Filed under life, motorbikes

Seeking Assylum: A Christo-Judaic View (or part one)

From a Christo-Judaic view the notion of refuge has been vital for justice and for the health of community. Internally, the people of ancient Israel were instructed (God through Moses) to designate six cities of refuge for those who had slain another person (Pentateuch – Numbers 35). If the slayer/murderer could make it to the city of designated refuge they were reprieved from the death penalty so long as they remained within the refuge city’s walls. it was latterly taught in rabbinical schools that any town run by the Levites was to be considered a town of refuge but only the designated towns could not refuse or revoke a refugee. So, although this was particular to Israel, it stands as a principal of compassion and for all people because Israel was originally to be the model for other peoples on how to live in the light and love of God.

And there is the imperative from Leviticus 19.33 – 34, that the people of Israel were to treat any alien in the land as if they were their own family. The end of verse 34 is particularly significant because it reminds the people of Israel that they too were once aliens in the land of Egypt.

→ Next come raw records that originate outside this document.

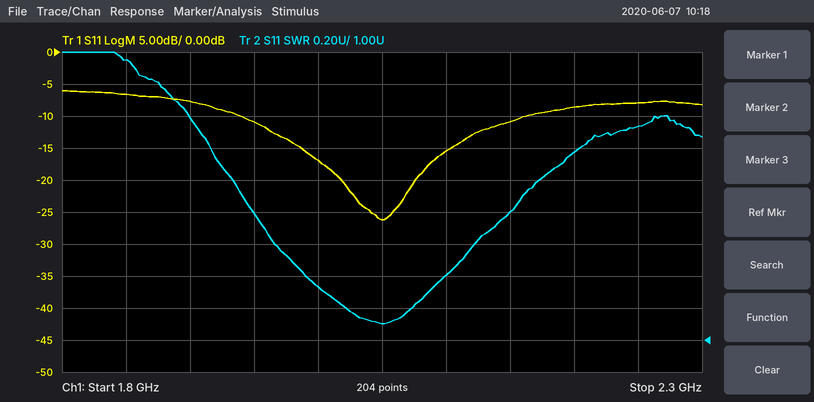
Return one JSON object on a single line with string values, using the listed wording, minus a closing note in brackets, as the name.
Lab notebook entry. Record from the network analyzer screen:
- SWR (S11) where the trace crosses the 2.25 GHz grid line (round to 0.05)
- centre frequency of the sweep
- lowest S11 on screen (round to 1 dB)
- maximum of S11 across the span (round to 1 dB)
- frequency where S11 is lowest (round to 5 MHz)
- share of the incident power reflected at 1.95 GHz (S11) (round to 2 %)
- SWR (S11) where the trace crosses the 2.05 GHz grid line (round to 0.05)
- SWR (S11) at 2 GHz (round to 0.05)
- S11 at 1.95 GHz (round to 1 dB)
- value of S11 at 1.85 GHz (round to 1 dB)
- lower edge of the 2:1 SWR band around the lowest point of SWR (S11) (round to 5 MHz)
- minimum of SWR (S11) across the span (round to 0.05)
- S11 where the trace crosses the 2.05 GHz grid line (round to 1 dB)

{"SWR (S11) where the trace crosses the 2.25 GHz grid line": "2.35", "centre frequency of the sweep": "2.05 GHz", "lowest S11 on screen": "-26 dB", "maximum of S11 across the span": "-6 dB", "frequency where S11 is lowest": "2.050 GHz", "share of the incident power reflected at 1.95 GHz (S11)": "8 %", "SWR (S11) where the trace crosses the 2.05 GHz grid line": "1.10", "SWR (S11) at 2 GHz": "1.35", "S11 at 1.95 GHz": "-11 dB", "value of S11 at 1.85 GHz": "-7 dB", "lower edge of the 2:1 SWR band around the lowest point of SWR (S11)": "1.935 GHz", "minimum of SWR (S11) across the span": "1.10", "S11 where the trace crosses the 2.05 GHz grid line": "-26 dB"}

As with ironic and prophetic poignancy the Holy Family were also to find refuge in Egypt! (doubly ironic given the state of affairs of the modern Middle East!).

The missionary Don Richardson working in West Papua or Irian Jaya discovered that in that culture there was provision for cities of refuge.

In Islam the refugee is also cared for irrespective of religion or culture. The Prophet Muhammad found refuge among the people of Madinah, and there are many historical anecdotes and historical records of acts of refuge for Muslims by others and by Muslims for people of all persuasions. Shari’ah Law (Pathway) also encourages the safety of aliens and refugees, and teaches that anyone seeking refuge in a Mosque or sacred place is to be given protection and hospitality. But it also goes further and and encourages people to designate their homes and civic buildings as places for refuge. in the Qur’an, Sura 9.6 (see also sura 8.72 ff., and 9.100, 117, among many) asks for pagans to be given refuge, and yes, in the hope they will also eventually find hope in Allah, but the refuge (Aman) must be given!

Whether you are religious or not isn’t the point, it is that in culture past, people found within themselves to look beyond self and even to make laws to protect people, especially those seeking refuge. and if you are prone to a cynicism (original meaning – to question) then it is not about how religion has clearly failed to honour its own teachings. The ideal still stands, can we reach it?

I reflect on that and find hope, hope for a world where we are less concerned for tribe and self and more concerned for building a community where care and compassion can be the foundation for a less negative world. Where the globe itself is a city of refuge.